A number of technologic advances in the early 1990s made VHFU possible, including new transducer materials (both polymer and crystalline) and new, reasonably priced, broadband electronics, including high-speed digitizers. Pavlin and Foster (20, 21, 22) described clinical findings with a 50-MHz ultrasound biomicroscope that was later developed into a commercial instrument, the ultrasound biomicroscope, or UBM (Paradigm Instruments, Salt Lake City, Utah). Our laboratory independently developed a series of scan platforms for ophthalmic imaging at 50 MHz that included features, such as 3-D acquisition of radiofrequency data and wide-angle scanning incorporating the entire anterior segment (12,13,16).

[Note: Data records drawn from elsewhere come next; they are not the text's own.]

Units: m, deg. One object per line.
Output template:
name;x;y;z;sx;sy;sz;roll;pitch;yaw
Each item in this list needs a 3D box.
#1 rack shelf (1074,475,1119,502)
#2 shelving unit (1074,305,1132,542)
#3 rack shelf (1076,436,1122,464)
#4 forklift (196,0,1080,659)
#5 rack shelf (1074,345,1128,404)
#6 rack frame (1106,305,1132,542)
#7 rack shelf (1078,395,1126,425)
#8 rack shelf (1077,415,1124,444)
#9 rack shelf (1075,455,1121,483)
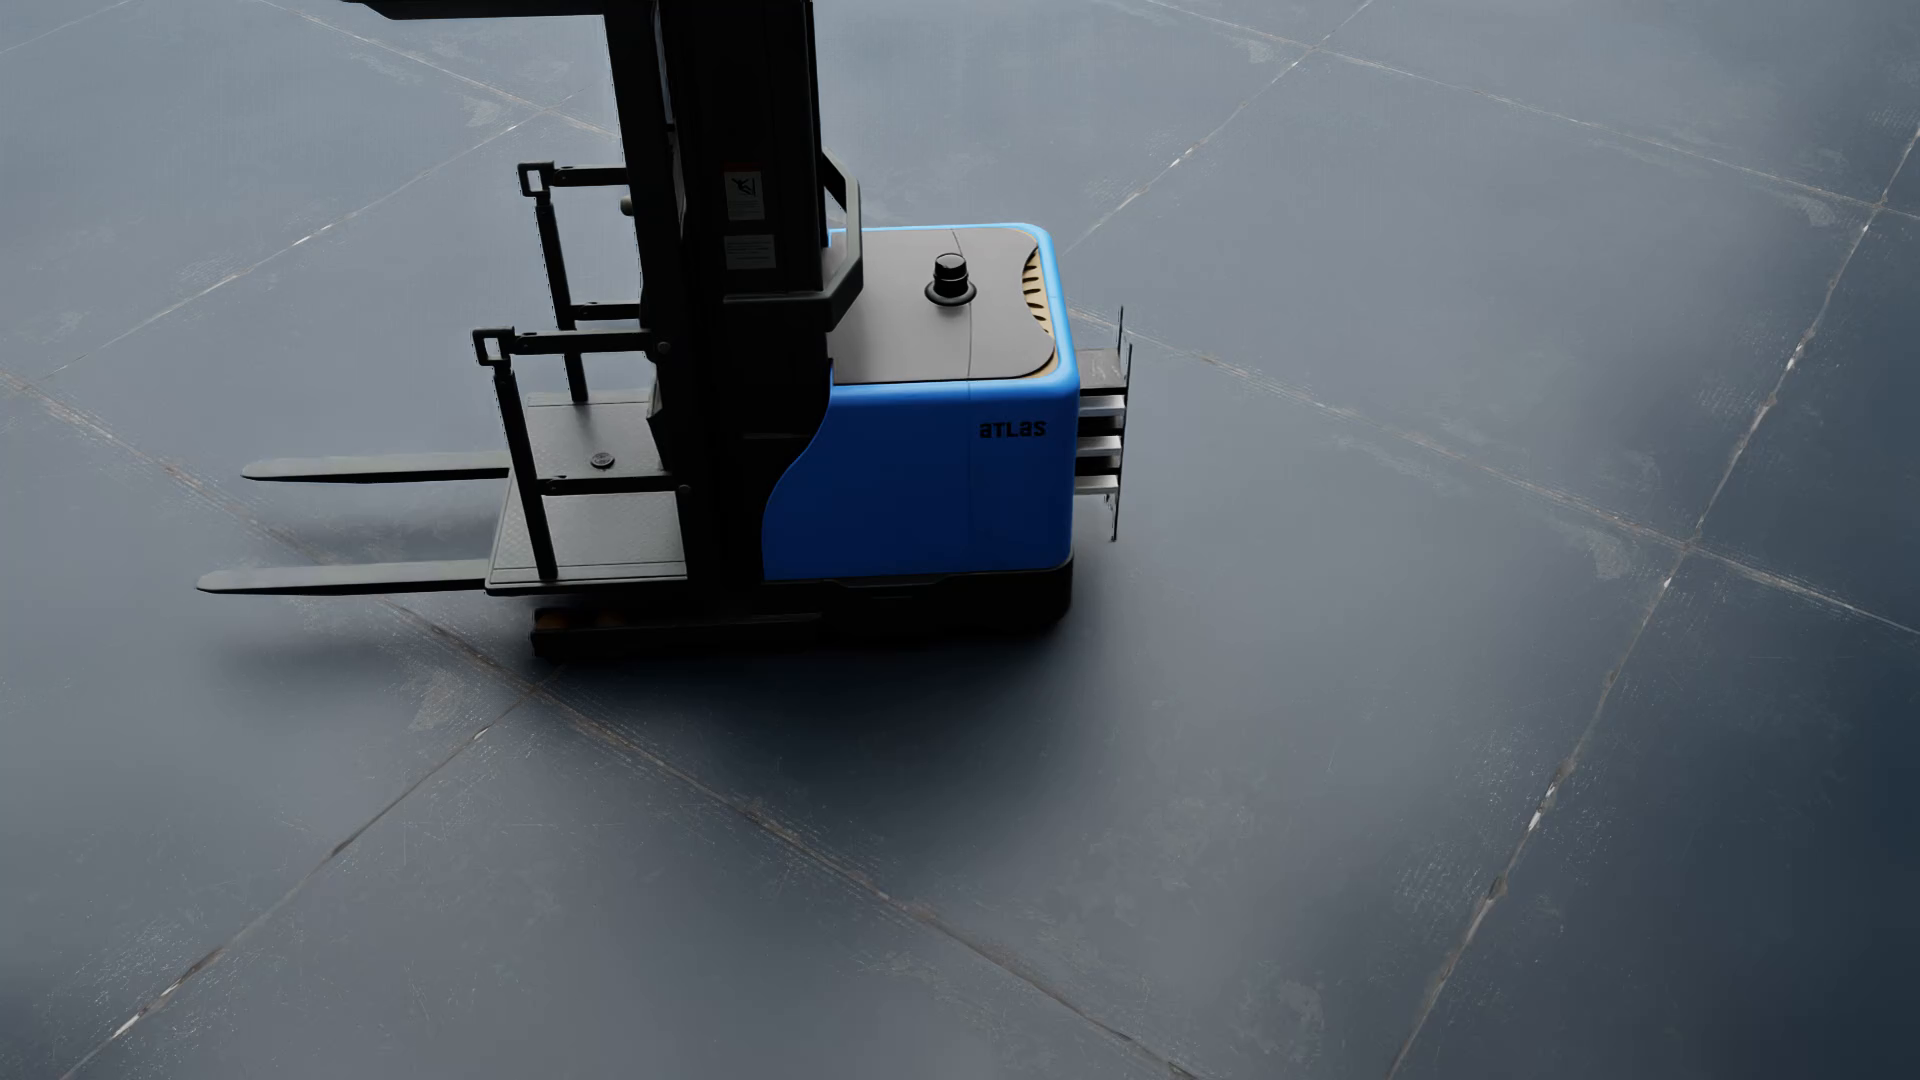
rack shelf;0.473;-0.246;6.170;0.200;0.077;0.258;-2;42;-3
shelving unit;0.473;-0.405;6.028;0.210;0.900;0.258;-2;42;-3
rack shelf;0.473;-0.380;6.050;0.200;0.077;0.258;-2;42;-3
forklift;-1.145;-1.044;5.219;3.031;2.935;1.130;-2;42;-3
rack shelf;0.473;-0.581;5.870;0.200;0.077;0.258;-2;42;-3
rack frame;0.574;-0.409;6.032;0.006;0.900;0.240;-2;42;-3
rack shelf;0.473;-0.514;5.930;0.200;0.077;0.258;-2;42;-3
rack shelf;0.473;-0.447;5.990;0.200;0.077;0.258;-2;42;-3
rack shelf;0.473;-0.313;6.110;0.200;0.077;0.258;-2;42;-3

Because of the effect of attenuation, VHFU cannot be used for imaging of the posterior segment but can generate superb images of anterior segment anatomy and pathology, such as corneal scars (including effects of refractive surgery), tumors and cysts of the iris and ciliary body, ciliary body detachment, glaucoma syndromes (e.g., pupillary block), and hypotony. At a frequency of 50 MHz, we can expect a fivefold improvement in resolution compared to that of 10-MHz images, with axial and lateral resolutions of about 30 and 60 microns achievable (depending upon specifics of transducer pulse length and focal ratio).
To image the anterior segment, VHFU scans must be performed using an immersion technique, with the attenuating eyelid absent from the acoustic path. This can be accomplished using an eye cup or by forming a water-bath with a disposable surgical drape, usually in combination with a lid speculum. The Artemis-2 system (Ultralink, LLC, St. Petersburg, Florida) uses a disposable eyepiece consisting of a viscoelastic foam ring that forms a seal around the eye. Acting like a reverse swimming goggle, normal saline is introduced into the eyepiece to establish acoustic coupling. This system has the additional advantage of allowing optical visualization of the eye during scanning by use of a coaxial video camera.
In addition to the UBM and the Artemis, other manufacturers have introduced cost-effective VHFU instruments with handheld 35-MHz probes.